In this study viral load was not associated with SAM among HIV-positive children and the result was in line with a study conducted in India.31 Similarly, the existence of opportunistic infection was not associated with SAM among HIV-positive children in this study and was comparable to a study conducted in Pediatric ART clinics of Felege Hiwot and Gondar referral hospitals, Ethiopia,11 but it was in contradiction with studies conducted in Parirenyatwa Group of Hospitals, Zimbabwe7 and East and West Gojjam, Ethiopia.25 This contradiction might be due to differences in definition for opportunistic infection between this study and those studies—meaning this study used the term opportunistic infection for HIV-related infections other than chronic diarrhea and oropharyngeal disease, while those studies include chronic diarrhea and oropharyngeal disease as opportunistic infections.

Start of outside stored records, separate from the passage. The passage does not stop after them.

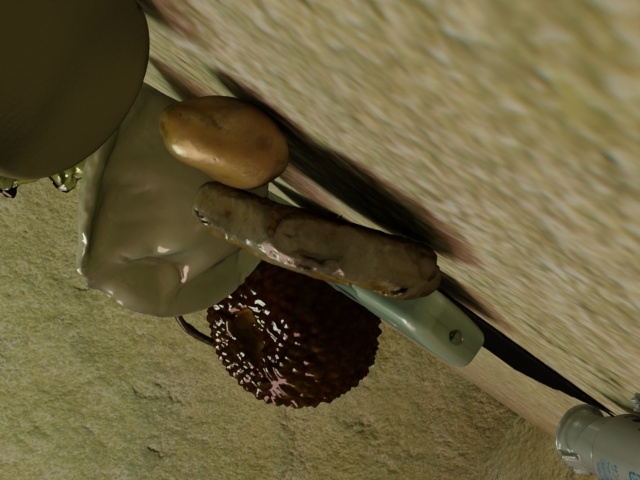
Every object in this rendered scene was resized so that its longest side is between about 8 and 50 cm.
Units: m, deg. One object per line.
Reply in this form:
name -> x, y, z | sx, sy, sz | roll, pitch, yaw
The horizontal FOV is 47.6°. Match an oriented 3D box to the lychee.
lychee -> -0.030, 0.116, 1.091 | 0.268, 0.267, 0.267 | 34, 176, 3

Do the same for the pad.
pad -> 0.165, 0.092, 0.894 | 0.368, 0.007, 0.248 | 36, 176, -13

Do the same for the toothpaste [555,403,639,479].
toothpaste -> 0.316, 0.199, 0.588 | 0.114, 0.073, 0.299 | 36, 168, -19

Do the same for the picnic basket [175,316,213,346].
picnic basket -> -0.196, 0.103, 1.694 | 0.293, 0.337, 0.337 | 37, 175, -32

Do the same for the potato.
potato -> -0.062, -0.064, 0.472 | 0.083, 0.062, 0.068 | -1, 166, -32

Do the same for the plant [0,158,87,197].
plant -> -0.568, -0.215, 1.325 | 0.306, 0.261, 0.297 | 49, 170, -25

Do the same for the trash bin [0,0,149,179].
trash bin -> -0.232, -0.160, 0.350 | 0.247, 0.121, 0.243 | 37, 177, 18

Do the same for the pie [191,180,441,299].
pie -> 0.000, 0.000, 0.540 | 0.195, 0.046, 0.195 | 18, -177, -1

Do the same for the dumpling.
dumpling -> -0.126, -0.020, 0.644 | 0.132, 0.179, 0.252 | 10, 164, 28

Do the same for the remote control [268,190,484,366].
remote control -> 0.033, 0.030, 0.766 | 0.296, 0.056, 0.140 | 33, 174, 42

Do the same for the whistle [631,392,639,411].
whistle -> 0.253, 0.130, 0.495 | 0.033, 0.029, 0.083 | -15, -139, -43
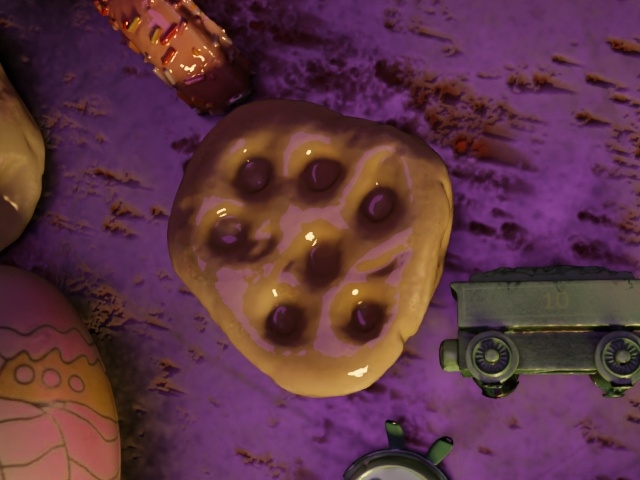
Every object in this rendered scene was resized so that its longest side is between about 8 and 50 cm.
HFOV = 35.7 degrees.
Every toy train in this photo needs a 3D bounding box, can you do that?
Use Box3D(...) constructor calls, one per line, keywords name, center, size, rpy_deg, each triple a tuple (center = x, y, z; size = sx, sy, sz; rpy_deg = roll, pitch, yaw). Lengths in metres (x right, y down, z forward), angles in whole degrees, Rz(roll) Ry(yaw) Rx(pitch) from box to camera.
Box3D(name="toy train", center=(0.175, 0.067, 0.751), size=(0.172, 0.070, 0.099), rpy_deg=(-2, 75, 10))

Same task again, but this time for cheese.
Box3D(name="cheese", center=(0.000, 0.000, 0.763), size=(0.218, 0.117, 0.235), rpy_deg=(-19, 81, 8))

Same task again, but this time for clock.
Box3D(name="clock", center=(0.058, 0.208, 0.773), size=(0.101, 0.041, 0.135), rpy_deg=(16, 89, 11))

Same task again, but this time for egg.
Box3D(name="egg", center=(-0.246, 0.155, 0.761), size=(0.196, 0.196, 0.271), rpy_deg=(9, 80, 11))

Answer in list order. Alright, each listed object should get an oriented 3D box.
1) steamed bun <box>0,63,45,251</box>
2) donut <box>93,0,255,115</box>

Strength and Limitations of the Study

This study had revealed HIV-infection and HIV-treatment related determinants of SAM in under-fifteen, HIV-positive children. But, the observed values for some explanatory variables were small (less than 30) and this makes the observed confidence interval to be quite larger. Multicolinearity test, correlation matrix, and multiple logistic model were used to control confounding effects; but, the unmatched nature of this study might pose a bias, despite those efforts.

Conclusion and Recommendations

There was significant difference in duration on ART, adherence to ART, immunodeficiency, chronic diarrhea, WHO clinical stage of HIV and oropharyngeal disease between cases and controls. Therefore, strategies targeted to increase adherence to ART, prevention and early treatment of diarrhea and oropharyngeal disease, and attendants’/children’s commitment on adherence to ART are crucial to decrease the magnitude of SAM in HIV-positive children. Future research addressing the limitations of this study should be encouraged.